ギズモの亜種とも、上位種とも考えている魔物である。ヒートギズモが熱気を元とする魔物であるのに対し、フロストギズモは冷気を元とする魔物である。遭遇した人間を凍らせてその生気を全て吸い取る事で食料とする云われてはいるが、生存者が限りなく少ない為、正確な事は解ってはいない。実体を持たない魔物の一つであり、通常の人間であれば剣による攻撃は意味を成さず、フロストギズモの唱える魔法に対して対抗出来る程の魔法力を有している者でなければ、討伐は不可能とさえ云われていた。

 

「カミュ、囲まれたぞ。どうする?」

 

「この系統の魔物は、メルエ達に任せるより他はない。俺達で隙を作るしかないだろう」

 

 カミュ達を囲むように表れた三体のフロストギズモは、醜悪な人面を歪めたまま魔法の詠唱の機会を伺っている。既にメルエを下ろしていたリーシャは背中からバトルアックスを抜き、周囲に目を向けながらもカミュに指示を仰いだ。

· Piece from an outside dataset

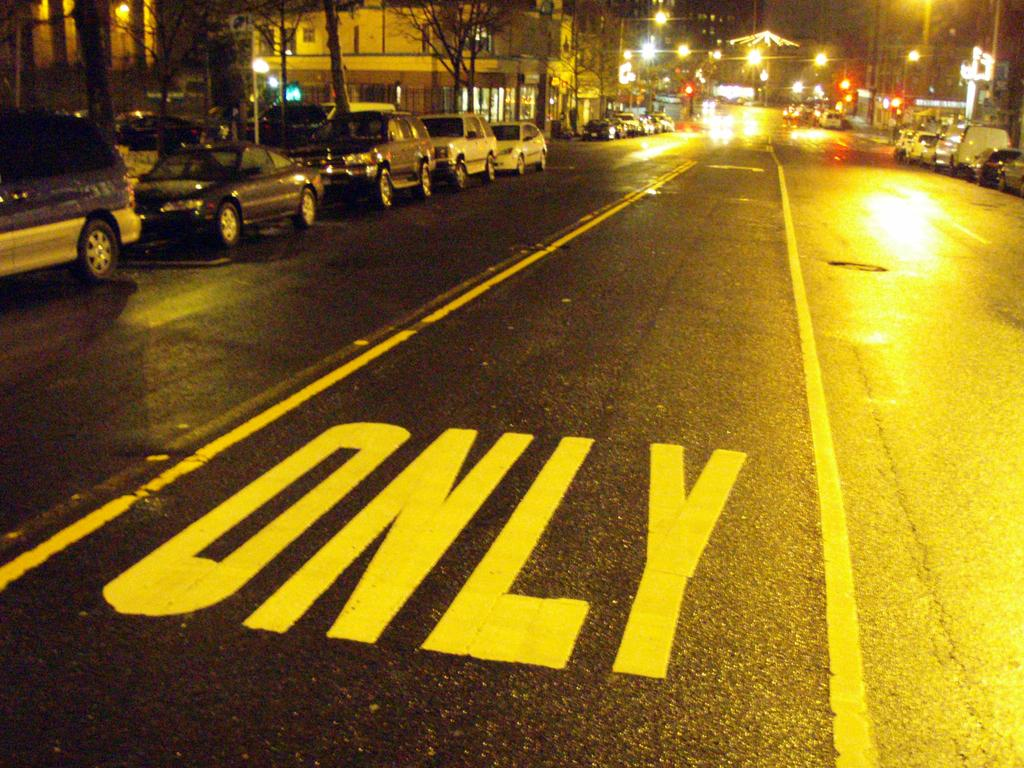<image>
Share a concise interpretation of the image provided. A street with One Way Only written on it is shown.

返された言葉を聞いたリーシャは頷きを返し、後方でそれを聞いていたサラとメルエも小さく頷きを返す。

 

「あのギズモが唱えたのはヒャダルコだと思います。私のベギラマでは相殺し切れませんが、メルエのベギラゴンであれば圧倒出来るでしょう」

 

「…………メルエ……できる…………」

 

 自分の見解を口にしたサラに応えるように、メルエは手にした雷の杖を掲げる。だが、サラはそんなメルエを見ながらも何やら思案していた。

 ヒャダルコという呪文とベギラマの呪文を比べた場合、その威力は同格か若しくはベギラマの方が若干ではあるが上である。ヒャダインという氷結系呪文であれば、ベギラマよりも威力は上であるが、サラのベギラマで相殺する事が出来た事を考えると、フロストギズモが唱えた呪文はヒャダルコと考えるのが妥当であろう。

 魔物と人間では魔法力の地が異なる。ベギラマという灼熱系呪文の方が優位であっても、サラが行使すれば、魔物のヒャダルコを相殺するのが精一杯なのである。しかも、正面同士からぶつかりあった場合、相殺しきれるかと問われれば、それも定かではなかった。

 

「よし、一体ずつ倒して行くぞ。魔物の呪文行使に対しては、サラ達に任せる」

 

 その言葉を伝えたリーシャは、目の前に浮かぶフロストギズモに向かって一直線に駆け出す。ふわふわと浮かぶ煙のような魔物を一刀両断するように斧を振り下ろしはしたものの、その身体を傷つける事は出来ず、フロストギズモは霧散して行った。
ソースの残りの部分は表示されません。